In addition to the public dataset, we collected 200 images of various crops using a smartphone camera, ensuring that the number of images per crop reflected the same proportional distribution as in the public dataset. To address class imbalance, data augmentation techniques such as brightness and contrast adjustment, flipping, and rotation were applied to underrepresented classes to improve model generalization. The final dataset was split into 70% for training, 15% for validation, and 15% for testing.
Data preprocessing was performed to optimize the model’s performance. The following steps were applied: resizing all images to a uniform resolution of 100 × 100 pixels to standardize model input; normalizing pixel values to a [0,1] range to accelerate convergence during training; and processing the provided annotations to generate segmentation masks and bounding boxes, which served as ground truth for training the model. This resolution was motivated by the fact that it balances accuracy and speed, enabling efficient, real-time detection on low-power devices. It preserves essential lesion features with minimal accuracy loss (+1.2% mAP vs. higher resolutions) while reducing computational demands, making it ideal for resource-limited agricultural applications. This process is illustrated by Figure 4.
Figure 4. Data preprocessing process.
The dataset, however, presents a limitation due to varying weather conditions during data collection such as sunlight and humidity which can affect the quality of images. To mitigate these issues, data augmentation techniques were applied, including brightness and contrast adjustments, to help normalize the images and enhance model robustness.

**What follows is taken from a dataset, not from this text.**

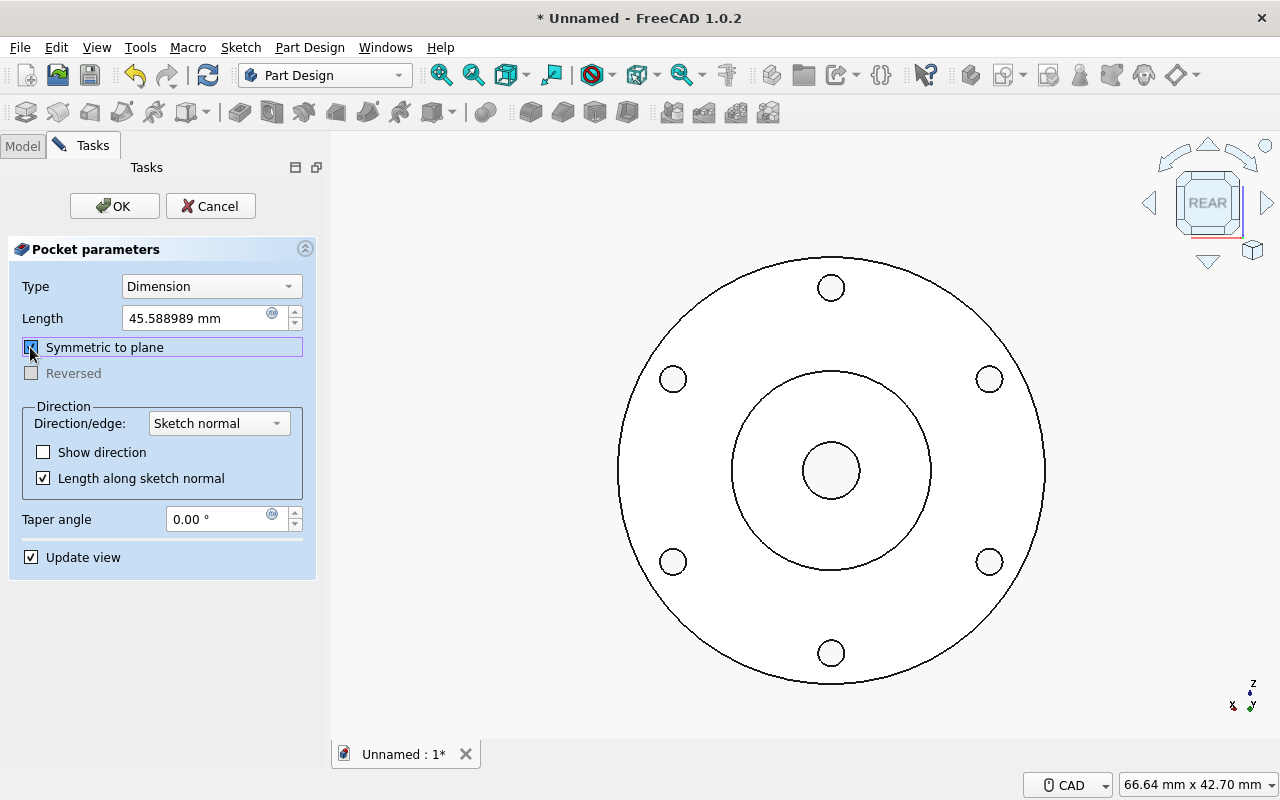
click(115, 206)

This the data collection and preprocessing steps ensured high-quality, well-annotated input suitable for training a robust plant disease detection model. These steps (resizing, normalization, and annotation processing) were essential for improving model accuracy and generalization in real-world agricultural scenarios.
3.2. Our Proposed Model: Yolo-AgriNet
YOLOv8, is widely recognized for its balance between accuracy and speed, making it a popular choice for real-time object detection applications. However, in the specific context of plant disease detection, YOLOv8 exhibits several notable limitations, including:
1) Difficulty detecting small objects and fine details, which are crucial for early disease identification;
2) Sensitivity to lighting and background variations, common in real-world agricultural environments;
3) An architecture limited to Stage Layer 4, which restricts its ability to capture finer spatial features.
To overcome these challenges, we propose YOLO-AgriNet, an optimized version of YOLOv8 that incorporates targeted architectural enhancements, including Convolutional Block Attention Modules (CBAM), an Atrous Spatial Pyramid Pooling (ASPP) module and the addition of a Stage Layer 5 in the backbone. These improvements aim to enhance small object detection, increase the model’s robustness, and better tailor YOLO-AgriNet to the specific needs of precision agriculture, particularly in resource-constrained settings such as those found in Cameroon.
Figure 5. YOLOv8 architecture.
To better understand the improvements of YOLO-AgriNet, we will first present the internal structure of YOLOv8. In fact, YOLOv8 features a streamlined architecture composed of three main components: the Backbone, Neck, and Head. The Backbone is responsible for extracting visual features from input images using a combination of convolutional layers and CSP (Cross Stage Partial) modules to improve efficiency and gradient flow. The Neck, typically built with a Feature Pyramid Network (FPN) or Path Aggregation Network (PAN), fuses features at multiple scales to enhance object detection at various sizes. The Head performs final detection by predicting bounding boxes, class probabilities, and objectness scores. YOLOv8 also integrates anchor-free detection, improving performance on small and irregular objects. This structure is depicted in Figure 5.
3.3. The Backbone
The backbone of YOLO-AgriNet has been extensively modified to extract features with a specific focus on fine details, which are crucial for the early detection of plant diseases. The main architectural enhancements include:
Figure 6. Optimization of the YOLOv8 Architecture.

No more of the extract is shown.